Residential area in Eccles, Greater Manchester, England

Ellesmere Park is an area of Eccles, in Greater Manchester, England. Historically part of Lancashire, Ellesmere Park today is an affluent, predominantly residential area.

== History==
Ellesmere Park grew up around the turn of the 20th century. Contemporary views show pleasant, tree-lined roads, protected from the outside world by gates at the main entrances.

Ellesmere Park is an area of approximately 110 acre containing 450-500 properties. About 33% of the housing stock is Victorian, mainly large 2- to 3-storey detached or semi-detached houses/villas, usually standing in extensive grounds.

Salford Council maintains a design guide for Ellesmere Park. The policy was prepared "in response to the decline in the environmental quality of Ellesmere Park which has taken place over recent years".

Inter war (1918-1939) and post war (1945 onwards) housing is also well represented in Ellesmere Park.

The developments of the late 19th and early 20th centuries give the area its characteristic spaciousness and grandeur. The houses are generally of generous (large) proportions and set in large grounds with large separations between them.

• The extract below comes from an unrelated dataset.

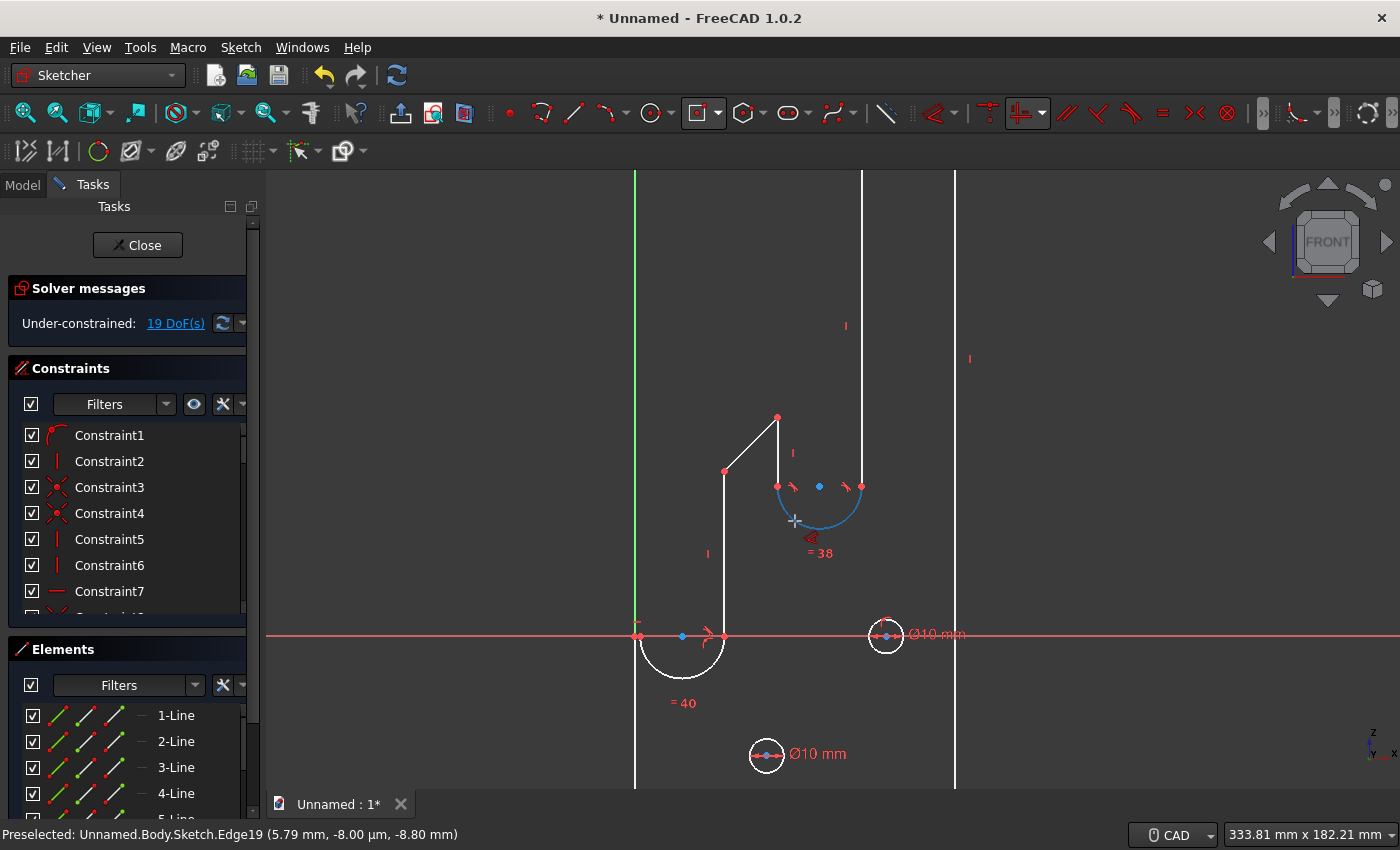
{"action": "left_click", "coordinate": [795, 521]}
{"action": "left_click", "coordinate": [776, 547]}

There was a strong residents association that worked with the local council to ensure that any development is consistent with the character of the area and that the design policy is closely followed.

==Governance==
Ellesmere Park was administered by the municipal borough of Eccles until 1974, when the Local Government Act 1972 abolished the borough and it became a part of the metropolitan borough of City of Salford in Greater Manchester.